A lot of existing data is not labeled. It is still possible to learn from data without labels with unsupervised models. A typical task during exploratory data analysis is to find related items or clusters. We can imagine the Iris dataset, but without the labels:

While the task seems much harder without labels, one group of measurements (in the lower-left) seems to stand apart. The goal of clustering algorithms is to identify these groups.

We will use K-Means clustering on the Iris dataset (without the labels). This algorithm expects the number of clusters to be specified in advance, which can be a disadvantage. K-Means will try to partition the dataset into groups, by minimizing the within-cluster sum of squares.

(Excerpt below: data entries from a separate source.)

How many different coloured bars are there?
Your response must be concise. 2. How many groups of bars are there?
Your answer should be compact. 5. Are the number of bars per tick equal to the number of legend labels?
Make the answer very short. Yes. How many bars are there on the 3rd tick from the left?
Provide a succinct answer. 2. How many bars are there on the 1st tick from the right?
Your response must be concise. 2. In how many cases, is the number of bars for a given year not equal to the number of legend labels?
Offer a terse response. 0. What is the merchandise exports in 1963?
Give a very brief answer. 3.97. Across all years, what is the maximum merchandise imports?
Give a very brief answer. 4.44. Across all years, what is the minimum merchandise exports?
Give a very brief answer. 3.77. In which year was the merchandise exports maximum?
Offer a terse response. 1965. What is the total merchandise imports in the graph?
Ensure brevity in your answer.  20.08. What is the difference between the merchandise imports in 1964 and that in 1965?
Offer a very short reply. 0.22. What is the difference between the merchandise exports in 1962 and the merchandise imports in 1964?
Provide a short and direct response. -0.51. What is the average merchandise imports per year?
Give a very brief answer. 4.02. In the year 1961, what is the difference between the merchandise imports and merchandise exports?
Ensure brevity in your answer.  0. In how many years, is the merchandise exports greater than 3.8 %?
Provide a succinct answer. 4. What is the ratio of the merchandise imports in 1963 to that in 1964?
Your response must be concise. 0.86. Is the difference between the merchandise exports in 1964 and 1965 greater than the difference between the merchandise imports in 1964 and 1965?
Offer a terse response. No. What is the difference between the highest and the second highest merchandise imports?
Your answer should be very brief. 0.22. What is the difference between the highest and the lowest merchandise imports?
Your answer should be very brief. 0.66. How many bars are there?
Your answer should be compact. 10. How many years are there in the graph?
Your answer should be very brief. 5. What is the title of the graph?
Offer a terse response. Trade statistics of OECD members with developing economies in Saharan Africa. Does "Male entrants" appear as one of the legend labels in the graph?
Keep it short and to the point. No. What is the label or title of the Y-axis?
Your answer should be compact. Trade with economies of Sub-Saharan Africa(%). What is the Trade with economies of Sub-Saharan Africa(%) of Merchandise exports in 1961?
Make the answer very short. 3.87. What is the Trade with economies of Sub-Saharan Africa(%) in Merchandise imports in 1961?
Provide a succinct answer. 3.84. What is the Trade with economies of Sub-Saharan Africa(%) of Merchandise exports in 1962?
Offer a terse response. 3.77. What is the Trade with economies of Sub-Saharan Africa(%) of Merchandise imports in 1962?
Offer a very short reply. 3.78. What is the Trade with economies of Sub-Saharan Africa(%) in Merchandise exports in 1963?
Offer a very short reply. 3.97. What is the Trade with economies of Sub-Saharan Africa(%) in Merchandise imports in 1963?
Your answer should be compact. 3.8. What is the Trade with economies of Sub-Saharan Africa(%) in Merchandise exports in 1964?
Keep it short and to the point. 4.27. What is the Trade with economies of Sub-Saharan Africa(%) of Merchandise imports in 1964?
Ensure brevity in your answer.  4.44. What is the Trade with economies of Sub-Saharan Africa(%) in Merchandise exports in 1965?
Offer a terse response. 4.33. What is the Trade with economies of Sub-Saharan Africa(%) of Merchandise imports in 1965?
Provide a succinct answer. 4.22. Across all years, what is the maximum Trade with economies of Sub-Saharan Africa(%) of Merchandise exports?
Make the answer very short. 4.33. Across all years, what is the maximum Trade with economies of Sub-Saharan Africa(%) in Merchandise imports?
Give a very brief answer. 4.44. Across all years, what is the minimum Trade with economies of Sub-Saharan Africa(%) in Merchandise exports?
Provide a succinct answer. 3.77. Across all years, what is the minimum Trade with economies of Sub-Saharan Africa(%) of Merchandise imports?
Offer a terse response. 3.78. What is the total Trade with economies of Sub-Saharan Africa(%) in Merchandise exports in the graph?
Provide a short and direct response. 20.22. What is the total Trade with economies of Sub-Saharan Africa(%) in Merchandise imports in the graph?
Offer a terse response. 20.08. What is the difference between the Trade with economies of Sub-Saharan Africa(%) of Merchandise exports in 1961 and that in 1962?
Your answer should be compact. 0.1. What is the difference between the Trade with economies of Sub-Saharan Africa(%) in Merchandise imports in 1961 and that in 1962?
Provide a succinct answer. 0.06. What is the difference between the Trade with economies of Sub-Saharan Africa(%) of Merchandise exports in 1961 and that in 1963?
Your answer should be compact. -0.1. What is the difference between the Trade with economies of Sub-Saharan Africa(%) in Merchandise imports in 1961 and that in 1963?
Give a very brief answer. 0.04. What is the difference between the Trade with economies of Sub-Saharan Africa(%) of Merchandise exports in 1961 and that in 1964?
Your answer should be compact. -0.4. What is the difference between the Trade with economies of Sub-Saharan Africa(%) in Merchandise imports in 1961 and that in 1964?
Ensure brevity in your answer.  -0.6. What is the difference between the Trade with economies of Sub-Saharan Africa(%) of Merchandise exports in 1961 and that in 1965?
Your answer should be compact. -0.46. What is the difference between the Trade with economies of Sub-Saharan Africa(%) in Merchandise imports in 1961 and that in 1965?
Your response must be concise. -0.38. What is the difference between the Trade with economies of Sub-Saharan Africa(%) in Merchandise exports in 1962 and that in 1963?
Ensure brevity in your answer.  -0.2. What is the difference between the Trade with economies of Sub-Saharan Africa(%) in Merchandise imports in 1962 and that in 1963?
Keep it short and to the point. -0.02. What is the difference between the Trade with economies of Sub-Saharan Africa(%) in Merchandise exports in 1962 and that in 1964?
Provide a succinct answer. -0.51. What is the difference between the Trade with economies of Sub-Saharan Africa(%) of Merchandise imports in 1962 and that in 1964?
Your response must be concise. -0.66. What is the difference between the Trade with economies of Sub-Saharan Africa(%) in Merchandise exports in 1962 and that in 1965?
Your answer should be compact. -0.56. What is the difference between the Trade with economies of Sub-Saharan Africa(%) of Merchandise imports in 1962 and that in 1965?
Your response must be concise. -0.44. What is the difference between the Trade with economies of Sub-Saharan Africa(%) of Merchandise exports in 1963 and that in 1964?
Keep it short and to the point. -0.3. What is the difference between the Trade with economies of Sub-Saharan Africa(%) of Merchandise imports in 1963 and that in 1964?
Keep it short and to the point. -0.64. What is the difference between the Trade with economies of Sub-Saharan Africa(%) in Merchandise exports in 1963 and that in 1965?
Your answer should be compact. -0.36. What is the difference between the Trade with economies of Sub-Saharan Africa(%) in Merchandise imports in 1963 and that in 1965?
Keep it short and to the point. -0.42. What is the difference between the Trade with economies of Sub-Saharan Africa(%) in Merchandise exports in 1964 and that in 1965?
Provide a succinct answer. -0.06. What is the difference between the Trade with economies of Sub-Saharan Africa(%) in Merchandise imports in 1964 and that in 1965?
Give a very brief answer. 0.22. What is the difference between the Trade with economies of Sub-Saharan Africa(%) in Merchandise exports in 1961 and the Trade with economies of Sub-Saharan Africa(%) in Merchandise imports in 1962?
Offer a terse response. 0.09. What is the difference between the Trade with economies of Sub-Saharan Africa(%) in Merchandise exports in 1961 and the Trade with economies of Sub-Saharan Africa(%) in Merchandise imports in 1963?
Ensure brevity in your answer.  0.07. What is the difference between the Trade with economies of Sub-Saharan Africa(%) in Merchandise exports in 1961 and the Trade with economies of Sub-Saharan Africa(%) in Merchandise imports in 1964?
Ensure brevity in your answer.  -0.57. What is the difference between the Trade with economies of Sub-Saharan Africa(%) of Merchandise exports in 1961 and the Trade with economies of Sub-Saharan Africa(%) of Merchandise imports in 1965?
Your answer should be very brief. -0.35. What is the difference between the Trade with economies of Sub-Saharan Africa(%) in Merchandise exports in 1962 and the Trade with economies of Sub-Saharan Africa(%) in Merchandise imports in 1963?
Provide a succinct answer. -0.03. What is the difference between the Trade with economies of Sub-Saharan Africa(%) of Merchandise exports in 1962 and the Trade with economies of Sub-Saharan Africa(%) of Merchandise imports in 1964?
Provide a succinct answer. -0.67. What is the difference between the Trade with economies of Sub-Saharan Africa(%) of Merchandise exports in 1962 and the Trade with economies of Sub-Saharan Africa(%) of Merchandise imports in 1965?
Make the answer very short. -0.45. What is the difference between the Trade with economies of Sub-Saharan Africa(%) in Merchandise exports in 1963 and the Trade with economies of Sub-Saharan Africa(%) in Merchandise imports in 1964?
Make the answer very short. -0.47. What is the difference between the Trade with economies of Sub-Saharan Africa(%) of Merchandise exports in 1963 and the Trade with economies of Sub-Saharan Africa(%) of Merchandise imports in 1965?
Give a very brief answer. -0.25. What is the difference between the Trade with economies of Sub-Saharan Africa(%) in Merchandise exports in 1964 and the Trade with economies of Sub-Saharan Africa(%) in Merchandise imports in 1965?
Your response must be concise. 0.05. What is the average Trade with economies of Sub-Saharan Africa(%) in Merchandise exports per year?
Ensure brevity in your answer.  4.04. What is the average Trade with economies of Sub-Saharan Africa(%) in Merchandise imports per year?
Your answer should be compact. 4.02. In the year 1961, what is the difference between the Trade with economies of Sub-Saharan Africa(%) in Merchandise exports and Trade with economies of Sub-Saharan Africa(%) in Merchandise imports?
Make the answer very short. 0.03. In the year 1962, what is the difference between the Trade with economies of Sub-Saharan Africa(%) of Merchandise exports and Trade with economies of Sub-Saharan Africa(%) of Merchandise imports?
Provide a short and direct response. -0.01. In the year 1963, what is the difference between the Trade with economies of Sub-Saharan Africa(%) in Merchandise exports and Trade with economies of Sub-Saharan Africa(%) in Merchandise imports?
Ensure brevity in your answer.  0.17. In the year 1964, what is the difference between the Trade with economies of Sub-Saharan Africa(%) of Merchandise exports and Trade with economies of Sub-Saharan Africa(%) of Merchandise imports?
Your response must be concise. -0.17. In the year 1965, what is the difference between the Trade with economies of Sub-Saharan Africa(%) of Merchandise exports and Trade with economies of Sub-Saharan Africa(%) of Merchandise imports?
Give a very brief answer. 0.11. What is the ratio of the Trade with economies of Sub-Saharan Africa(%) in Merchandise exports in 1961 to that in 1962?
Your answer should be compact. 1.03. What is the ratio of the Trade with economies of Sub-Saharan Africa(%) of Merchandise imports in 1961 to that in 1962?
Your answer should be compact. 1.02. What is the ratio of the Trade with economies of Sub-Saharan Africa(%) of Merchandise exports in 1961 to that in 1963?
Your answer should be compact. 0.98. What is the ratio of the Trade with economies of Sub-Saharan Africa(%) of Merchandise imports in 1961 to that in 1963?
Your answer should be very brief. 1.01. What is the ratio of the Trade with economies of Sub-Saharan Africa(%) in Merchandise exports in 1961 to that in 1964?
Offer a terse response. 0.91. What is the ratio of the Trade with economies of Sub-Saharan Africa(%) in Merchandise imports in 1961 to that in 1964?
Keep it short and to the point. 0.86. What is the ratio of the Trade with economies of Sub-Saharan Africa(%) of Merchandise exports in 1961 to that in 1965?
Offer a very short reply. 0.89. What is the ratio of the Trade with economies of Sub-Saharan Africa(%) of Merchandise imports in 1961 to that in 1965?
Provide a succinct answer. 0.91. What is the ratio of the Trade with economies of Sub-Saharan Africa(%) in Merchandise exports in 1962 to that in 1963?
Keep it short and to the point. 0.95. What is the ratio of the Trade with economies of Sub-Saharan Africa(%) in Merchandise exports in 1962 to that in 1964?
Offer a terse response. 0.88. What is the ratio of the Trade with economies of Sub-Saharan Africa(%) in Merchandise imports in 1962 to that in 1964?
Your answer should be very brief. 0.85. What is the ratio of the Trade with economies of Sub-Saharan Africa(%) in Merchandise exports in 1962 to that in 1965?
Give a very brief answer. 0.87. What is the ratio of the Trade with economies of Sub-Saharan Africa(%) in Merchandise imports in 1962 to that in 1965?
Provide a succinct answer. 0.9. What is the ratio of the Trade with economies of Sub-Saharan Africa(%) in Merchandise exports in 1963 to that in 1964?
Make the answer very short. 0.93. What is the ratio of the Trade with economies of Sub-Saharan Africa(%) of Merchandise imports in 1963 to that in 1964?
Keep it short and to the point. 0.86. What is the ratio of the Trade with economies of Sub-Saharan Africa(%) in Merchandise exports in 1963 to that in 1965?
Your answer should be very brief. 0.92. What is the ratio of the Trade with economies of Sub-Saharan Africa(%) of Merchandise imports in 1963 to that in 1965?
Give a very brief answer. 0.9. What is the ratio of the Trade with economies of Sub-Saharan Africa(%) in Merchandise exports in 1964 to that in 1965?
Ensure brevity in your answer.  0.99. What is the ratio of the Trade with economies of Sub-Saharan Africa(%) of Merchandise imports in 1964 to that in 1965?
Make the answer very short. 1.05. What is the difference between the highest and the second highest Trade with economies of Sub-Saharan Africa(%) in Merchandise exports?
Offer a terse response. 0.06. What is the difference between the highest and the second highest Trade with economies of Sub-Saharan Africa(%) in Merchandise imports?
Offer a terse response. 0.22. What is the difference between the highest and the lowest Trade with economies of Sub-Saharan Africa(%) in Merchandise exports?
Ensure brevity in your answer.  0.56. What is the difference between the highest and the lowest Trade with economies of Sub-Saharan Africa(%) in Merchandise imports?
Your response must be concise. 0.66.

For example, we instantiate the KMeans model with n_clusters equal to 3:

>>> from sklearn.cluster import KMeans
>>> km = KMeans(n_clusters=3)

Similar to supervised algorithms, we can use the fit methods to train the model, but we only pass the data and not target labels:

>>> km.fit(iris.data)
KMeans(copy_x=True, init='k-means++', max_iter=300, n_clusters=3, n_init=10, n_jobs=1, precompute_distances='auto', random_state=None, tol=0.0001, verbose=0)

We already saw attributes ending with an underscore. In this case, the algorithm assigned a label to the training data, which can be inspected with the labels_ attribute:

>>> km.labels_
array([1, 1, 1, 1, 1, 1, ..., 0, 2, 0, 0, 2], dtype=int32)

We can already compare the result of these algorithms with our known target labels:

>>> iris.target
array([0, 0, 0, 0, 0, 0, ..., 2, 2, 2, 2, 2])

We quickly relabel the result to simplify the prediction error calculation:

>>> tr = {1: 0, 2: 1, 0: 2}
>>> predicted_labels = np.array([tr[i] for i in km.labels_])
>>> sum([p == t for (p, t) in zip(predicted_labels, iris.target)])
134

From 150 samples, K-Mean assigned the correct label to 134 samples, which is an accuracy of about 90 percent. The following plot shows the points of the algorithm predicted correctly in grey and the mislabeled points in red:

As another example for an unsupervised algorithm, we will take a look at Principal Component Analysis (PCA). The PCA aims to find the directions of the maximum variance in high-dimensional data. One goal is to reduce the number of dimensions by projecting a higher-dimensional space onto a lower-dimensional subspace while keeping most of the information.

The problem appears in various fields. You have collected many samples and each sample consists of hundreds or thousands of features. Not all the properties of the phenomenon at hand will be equally important. In our Iris dataset, we saw that the petal length alone seemed to be a good discriminator of the various species. PCA aims to find principal components that explain most of the variation in the data. If we sort our components accordingly (technically, we sort the eigenvectors of the covariance matrix by eigenvalue), we can keep the ones that explain most of the data and ignore the remaining ones, thereby reducing the dimensionality of the data.

It is simple to run PCA with scikit-learn. We will not go into the implementation details, but instead try to give you an intuition of PCA by running it on the Iris dataset, in order to give you yet another angle.

The process is similar to the ones we implemented so far. First, we instantiate our model; this time, the PCA from the decomposition submodule. We also import a standardization method, called StandardScaler, that will remove the mean from our data and scale to the unit variance. This step is a common requirement for many machine learning algorithms:

>>> from sklearn.decomposition import PCA
>>> from sklearn.preprocessing import StandardScaler

First, we instantiate our model with a parameter (which specifies the number of dimensions to reduce to), standardize our input, and run the fit_transform function that will take care of the mechanics of PCA:

>>> pca = PCA(n_components=2)
>>> X = StandardScaler().fit_transform(iris.data)
>>> Y = pca.fit_transform(X)

The result is a dimensionality reduction in the Iris dataset from four (sepal and petal width and length) to two dimensions. It is important to note that this projection is not onto the two existing dimensions, so our new dataset does not consist of, for example, only petal length and width. Instead, the two new dimensions will represent a mixture of the existing features.

The following scatter plot shows the transformed dataset; from a glance at the plot, it looks like we still kept the essence of our dataset, even though we halved the number of dimensions:

Dimensionality reduction is just one way to deal with high-dimensional datasets, which are sometimes effected by the so called curse of dimensionality.